196.6/1576: Telegram

The Secretary of State to the Ambassador in the Soviet Union (Standley)

779. Department’s 692, August 14, 1943, 8 p.m. The Navy Department has communicated with the Department with regard to the payment of gratuities to members of Naval gun crews serving on merchant ships. Presumably no such payments have been made since your telegram 881, October 13, 1942, 3 p.m.,32 and Navy has been so informed.

The Department desires to emphasize that its acceptance of the Soviet proposal to furnish rubles does not apply to Naval personnel.

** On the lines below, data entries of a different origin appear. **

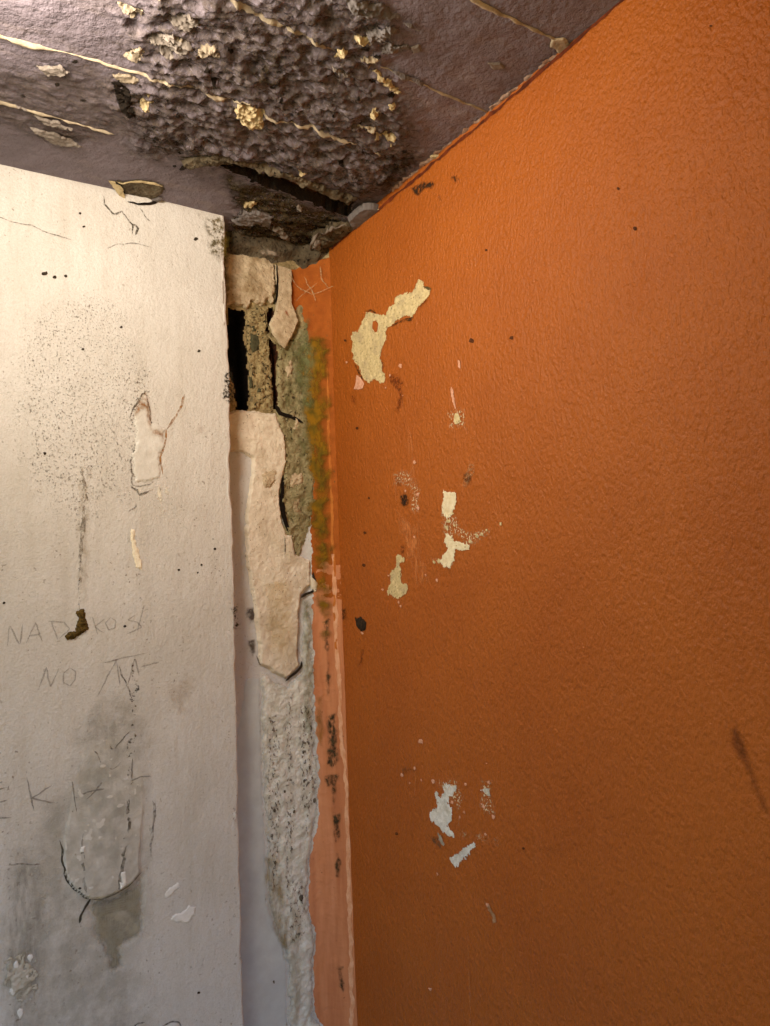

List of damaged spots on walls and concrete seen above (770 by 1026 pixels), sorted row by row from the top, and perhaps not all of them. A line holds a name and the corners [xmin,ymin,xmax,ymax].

spalling [0,0,557,251]
leakage [194,218,227,255]
peeling [346,279,431,409]
flaking render [225,253,318,681]
peeling [433,490,487,568]
peeling [381,554,408,607]
peeling [400,766,487,868]

The Department would appreciate any information available as to when the practice of paying gratuities actually ceased and the extent to which members of the Naval gun crews may have received gratuities. The Navy Department contemplates requesting the return of any money received by the gun crews. The Department would appreciate an expression of your views with reference to the possible return of this money to the Soviet authorities.33

The Navy Department points out the acceptance of gratuities by members of the Naval service is contrary to Article I, Section 9, Clause 8, of the Constitution, and states further that members of the Naval service engaged in the convoying of cargo to Murmansk and Archangel have ample reward in the knowledge that their service is of assistance to the Russian armed forces.

Hull
  1. Foreign Relations, 1942, vol. iii, p. 654.
  2. See telegram No. 1250, September 2, noon, from the Ambassador in the Soviet Union, p. 689.